You don't need an encyclopedic knowledge of a galaxy far, far away to understand that today's resistance needs fresh blood: new fighters and new strategies, but a new vision as well. Reconstituting the New Republic — the Obama era, in our case — can only stave off the Sith for so long before recreating the same flaws that let the Empire take power the first time around. The Rebellion needs to be reborn nearly wholesale to win anything but pyrrhic victories.

As self-styled #Resistance members are lifting up America's political dynasties as the best hope to save us from Trump, knocking the Skywalkers's importance down a peg in the "Star Wars" franchise lands close to home amid calls for "generic" Democratic candidates and liberal pining for the Obama years. All the consultants and name recognition in the world couldn't win the 2016 election for the Democrats — and in all likelihood probably hurt their cause. If "The Last Jedi" has a political takeaway, it's for political revolution and a bottom-up transformation of not just who's in power, but who gets to decide how that revolution happens.

The new film's plot holes and a messy storyline are good fodder for critics, but let's leave that for them.

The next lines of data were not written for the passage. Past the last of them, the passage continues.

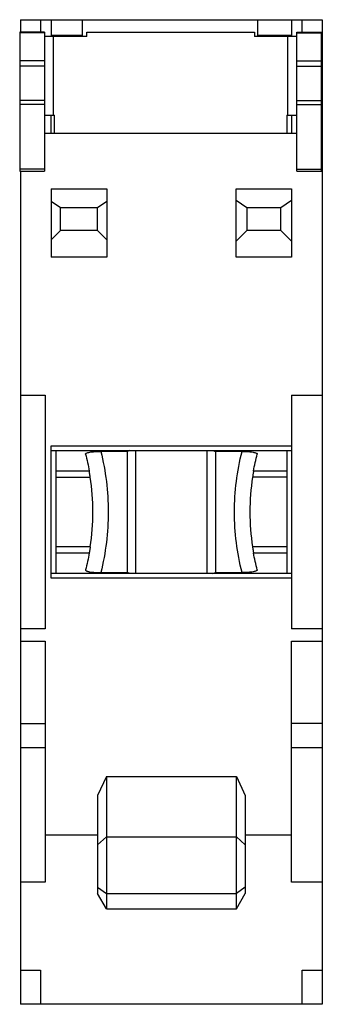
# Model space of a CAD drawing. Header units: millimetres. Extents: x -9.8 to 0, y 0 to 32.
import ezdxf

# ---------------------------------------------------------------- set-up
doc = ezdxf.new("R2010")
doc.units = ezdxf.units.MM

msp = doc.modelspace()

# ---------------------------------------------------------------- linework, layer by layer
at = {"color": 7, "linetype": 'Continuous', "lineweight": 25}
for p, q in [((-9.8, 32), (0, 32)), ((-9.8, 32), (-9.8, 31.6)), ((-9.15, 32), (-9.15, 31.6)), ((-8.8, 32), (-8.8, 31.45)), ((-7.8, 32), (-7.8, 31.45)), ((-2.1, 31.988), (-7.8, 31.988)), ((-2.1, 32), (-2.1, 31.45)), ((-1, 32), (-1, 31.45)), ((-0.65, 31.6), (-0.65, 32)), ((0, 32), (0, 9.131)), ((-9.825, 31.6), (-9.825, 27.08)), ((-9.025, 31.6), (-9.825, 31.6)), ((-9.025, 31.573), (-9.825, 31.573)), ((-9.025, 31.6), (-9.025, 27.08)), ((-7.65, 31.45), (-9.025, 31.45)), ((-8.8, 31.5), (-7.8, 31.5)), ((-8.725, 28.9), (-8.725, 31.45)), ((-7.65, 31.45), (-7.65, 31.6)), ((-7.65, 31.6), (-2.2, 31.6)), ((-2.2, 31.6), (-2.2, 31.45)), ((-0.825, 31.45), (-2.2, 31.45)), ((-2.1, 31.5), (-1, 31.5)), ((-1.125, 31.45), (-1.125, 28.9)), ((-0.825, 27.08), (-0.825, 31.6)), ((-0.825, 31.6), (-0.025, 31.6)), ((-0.825, 31.573), (-0.025, 31.573)), ((-0.025, 27.08), (-0.025, 31.6)), ((0, 30.965), (-0.025, 30.965)), ((-9.025, 30.658), (-9.825, 30.658)), ((-9.025, 30.485), (-9.825, 30.485)), ((-0.825, 30.658), (-0.025, 30.658)), ((-0.825, 30.485), (-0.025, 30.485)), ((-9.025, 29.379), (-9.825, 29.379)), ((-9.025, 29.242), (-9.825, 29.242)), ((-0.825, 29.379), (-0.025, 29.379)), ((-0.825, 29.242), (-0.025, 29.242)), ((-9.025, 28.9), (-8.7, 28.9)), ((-8.8, 28.3), (-8.8, 28.9)), ((-8.7, 28.3), (-8.7, 28.9)), ((-1.15, 28.9), (-0.825, 28.9)), ((-1.15, 28.9), (-1.15, 28.3)), ((-1, 28.9), (-1, 28.3)), ((-0.825, 28.3), (-9.025, 28.3)), ((0, 28.3), (-0.025, 28.3)), ((-9.025, 27.144), (-9.825, 27.144)), ((-9.825, 27.08), (-9.025, 27.08)), ((-9.8, 27.08), (-9.8, 0)), ((-0.825, 27.144), (-0.025, 27.144)), ((-0.825, 27.08), (-0.025, 27.08)), ((-8.8, 26.5), (-8.8, 24.278)), ((-8.8, 26.5), (-7, 26.5)), ((-7, 26.5), (-7, 24.278)), ((-2.8, 26.5), (-1, 26.5)), ((-2.8, 24.278), (-2.8, 26.5)), ((-1, 26.5), (-1, 24.278)), ((-8.8, 26.104), (-8.5, 25.894)), ((-7.3, 25.894), (-7, 26.104)), ((-2.8, 26.136), (-2.454, 25.894)), ((-1.346, 25.894), (-1, 26.136)), ((-8.5, 25.144), (-8.5, 25.894)), ((-8.5, 25.894), (-7.3, 25.894)), ((-7.3, 25.144), (-7.3, 25.894)), ((-2.454, 25.894), (-2.454, 25.144)), ((-2.454, 25.894), (-1.346, 25.894)), ((-1.346, 25.144), (-1.346, 25.894)), ((-8.5, 25.144), (-8.8, 24.844)), ((-7.3, 25.144), (-8.5, 25.144)), ((-7, 24.844), (-7.3, 25.144)), ((-2.454, 25.144), (-2.8, 24.798)), ((-1.346, 25.144), (-2.454, 25.144)), ((-1, 24.798), (-1.346, 25.144)), ((-7, 24.278), (-8.8, 24.278)), ((-1, 24.278), (-2.8, 24.278)), ((-9.8, 19.8), (-9, 19.8)), ((-9, 19.8), (-9, 12.2)), ((-1, 19.8), (0, 19.8)), ((-1, 19.8), (-1, 12.2)), ((-8.8, 18.15), (-1, 18.15)), ((-8.8, 13.85), (-8.8, 18.15)), ((-8.8, 18), (-1, 18)), ((-8.65, 18), (-8.65, 14)), ((-6.33, 17.97), (-7.193, 17.97)), ((-6.251, 18), (-6.33, 17.97)), ((-6.33, 14.03), (-6.33, 17.97)), ((-6.05, 14), (-6.05, 18)), ((-3.75, 18), (-3.75, 14)), ((-3.549, 18), (-3.47, 17.97)), ((-2.607, 17.97), (-3.47, 17.97)), ((-3.47, 17.97), (-3.47, 14.03)), ((-1.15, 18), (-1.15, 14)), ((-7.567, 17.329), (-8.65, 17.329)), ((-1.15, 17.329), (-2.233, 17.329)), ((-8.65, 17.132), (-7.535, 17.132)), ((-1.15, 17.132), (-2.265, 17.132)), ((-7.535, 14.868), (-8.65, 14.868)), ((-1.15, 14.868), (-2.265, 14.868)), ((-8.65, 14.671), (-7.567, 14.671)), ((-2.233, 14.671), (-1.15, 14.671)), ((-1, 14), (-8.8, 14)), ((-1, 13.85), (-8.8, 13.85)), ((-7.193, 14.03), (-6.33, 14.03)), ((-6.251, 14), (-6.33, 14.03)), ((-3.549, 14), (-3.47, 14.03)), ((-3.47, 14.03), (-2.607, 14.03)), ((-9, 12.2), (-9.8, 12.2)), ((0, 12.2), (-1, 12.2)), ((-9.8, 11.8), (-9, 11.8)), ((-9, 11.8), (-9, 3.965)), ((-1, 11.8), (0, 11.8)), ((-1, 3.965), (-1, 11.8)), ((-9.8, 9.131), (-9, 9.131)), ((0, 9.131), (-1, 9.131)), ((-9.8, 8.343), (-9, 8.343)), ((-1, 8.343), (0, 8.343)), ((0, 8.343), (0, 0)), ((-7.011, 7.4), (-7.3, 6.79)), ((-7.011, 7.4), (-7.011, 3.1)), ((-7.011, 7.4), (-2.789, 7.4)), ((-2.789, 3.1), (-2.789, 7.4)), ((-2.789, 7.4), (-2.5, 6.79)), ((-7.3, 6.79), (-7.3, 3.6)), ((-2.5, 6.79), (-2.5, 3.6)), ((-7.3, 5.5), (-9, 5.5)), ((-1, 5.5), (-2.5, 5.5)), ((-7.011, 5.439), (-7.3, 5.179)), ((-7.011, 5.439), (-2.789, 5.439)), ((-2.789, 5.439), (-2.5, 5.179)), ((-9, 3.965), (-9.8, 3.965)), ((0, 3.965), (-1, 3.965)), ((-7.3, 3.807), (-7.011, 3.6)), ((-7.011, 3.1), (-7.3, 3.6)), ((-7.011, 3.6), (-2.789, 3.6)), ((-2.5, 3.807), (-2.789, 3.6)), ((-2.789, 3.1), (-2.5, 3.6)), ((-7.011, 3.1), (-2.789, 3.1)), ((-9.8, 1.105), (-9.15, 1.105)), ((-9.15, 1.105), (-9.15, 0)), ((-0.65, 1.105), (0, 1.105)), ((-0.65, 0), (-0.65, 1.105)), ((0, 0), (-9.8, 0)), ((-8.5, 0.014), (-8.5, 0)), ((-8.5, 0.014), (-1.4, 0.014)), ((-1.4, 0.014), (-1.4, 0))]:
    msp.add_line(p, q, dxfattribs=at)
for centre, start, end in [((-15.05, 16), 351.4327, 8.5673), ((5.25, 16), 171.4327, 188.5673)]:
    msp.add_arc(centre, 7.6, start, end, dxfattribs=at)
for points, knots in [([(-7.687, 17.882), (-7.687, 17.886), (-7.687, 17.893), (-7.676, 17.905), (-7.654, 17.917), (-7.615, 17.931), (-7.554, 17.945), (-7.477, 17.956), (-7.389, 17.964), (-7.293, 17.969), (-7.227, 17.97), (-7.193, 17.97)], [0, 0, 0, 0, 0.08218, 0.165309, 0.250874, 0.373412, 0.499764, 0.620259, 0.748855, 0.873294, 1, 1, 1, 1]), ([(-7.193, 17.97), (-7.031, 17.324), (-6.95, 16.667), (-6.95, 15.333), (-7.031, 14.677), (-7.193, 14.03)], [0, 0, 0, 0, 0.5, 0.5, 1, 1, 1, 1]), ([(-2.607, 14.03), (-2.769, 14.676), (-2.85, 15.333), (-2.85, 16.667), (-2.769, 17.323), (-2.607, 17.97)], [0, 0, 0, 0, 0.5, 0.5, 1, 1, 1, 1]), ([(-2.607, 17.97), (-2.585, 17.97), (-2.541, 17.97), (-2.455, 17.967), (-2.351, 17.959), (-2.255, 17.947), (-2.186, 17.932), (-2.143, 17.916), (-2.114, 17.899), (-2.114, 17.888), (-2.113, 17.882)], [0, 0, 0, 0, 0.082397, 0.167297, 0.333032, 0.499583, 0.620418, 0.748878, 0.873544, 1, 1, 1, 1]), ([(-7.535, 17.132), (-7.537, 17.146), (-7.541, 17.172), (-7.546, 17.206), (-7.55, 17.231), (-7.553, 17.248), (-7.558, 17.276), (-7.564, 17.311), (-7.566, 17.323), (-7.567, 17.329)], [0, 0, 0, 0, 0.1521, 0.278324, 0.378632, 0.452994, 0.501387, 0.763484, 1, 1, 1, 1]), ([(-2.233, 17.329), (-2.233, 17.326), (-2.235, 17.319), (-2.239, 17.295), (-2.244, 17.262), (-2.254, 17.209), (-2.261, 17.163), (-2.265, 17.132)], [0, 0, 0, 0, 0.155496, 0.322458, 0.501048, 0.670353, 1, 1, 1, 1]), ([(-7.535, 14.868), (-7.537, 14.852), (-7.542, 14.821), (-7.549, 14.777), (-7.556, 14.732), (-7.564, 14.69), (-7.566, 14.677), (-7.567, 14.671)], [0, 0, 0, 0, 0.168748, 0.332695, 0.5011, 0.751137, 1, 1, 1, 1]), ([(-2.265, 14.868), (-2.263, 14.854), (-2.259, 14.828), (-2.254, 14.794), (-2.25, 14.769), (-2.247, 14.752), (-2.242, 14.724), (-2.236, 14.689), (-2.234, 14.677), (-2.233, 14.671)], [0, 0, 0, 0, 0.1521, 0.278324, 0.378632, 0.452994, 0.501387, 0.763484, 1, 1, 1, 1]), ([(-7.687, 14.118), (-7.687, 14.114), (-7.687, 14.106), (-7.675, 14.095), (-7.656, 14.084), (-7.627, 14.074), (-7.592, 14.064), (-7.54, 14.053), (-7.459, 14.043), (-7.338, 14.033), (-7.243, 14.031), (-7.193, 14.03)], [0, 0, 0, 0, 0.085639, 0.17146, 0.256635, 0.340333, 0.421782, 0.500329, 0.642334, 0.811819, 1, 1, 1, 1]), ([(-2.113, 14.118), (-2.113, 14.114), (-2.113, 14.107), (-2.124, 14.095), (-2.146, 14.083), (-2.185, 14.069), (-2.246, 14.055), (-2.323, 14.044), (-2.411, 14.036), (-2.507, 14.031), (-2.573, 14.03), (-2.607, 14.03)], [0, 0, 0, 0, 0.08218, 0.165309, 0.250874, 0.373412, 0.499764, 0.620259, 0.748855, 0.873294, 1, 1, 1, 1])]:
    msp.add_open_spline(points, degree=3, knots=knots, dxfattribs=at)
for points in [[(-7.687, 17.882), (-7.64, 17.699), (-7.6, 17.515), (-7.567, 17.329)], [(-2.233, 17.329), (-2.2, 17.515), (-2.16, 17.699), (-2.113, 17.882)], [(-7.567, 14.671), (-7.6, 14.485), (-7.64, 14.301), (-7.687, 14.118)], [(-2.113, 14.118), (-2.16, 14.301), (-2.2, 14.485), (-2.233, 14.671)], [(0, 9.131), (0, 9.038), (0, 8.797), (0, 8.495), (0, 8.343)]]:
    msp.add_open_spline(points, degree=3, dxfattribs=at)

doc.saveas('drawing.dxf')

In the meantime, it's hard not to watch the First Order picking off rebel ships and think of the first several weeks of the Trump administration; the onslaught of attacks on everything from immigrant rights to the environment. This is a long fight, and a lot of people will die. Victories are few and far between, and casualties are mounting. "The Last Jedi" self-consciously brings the rebellion into the resistance. Let your heroes and old dogmas die. Rebel scum have nothing to lose but their chains.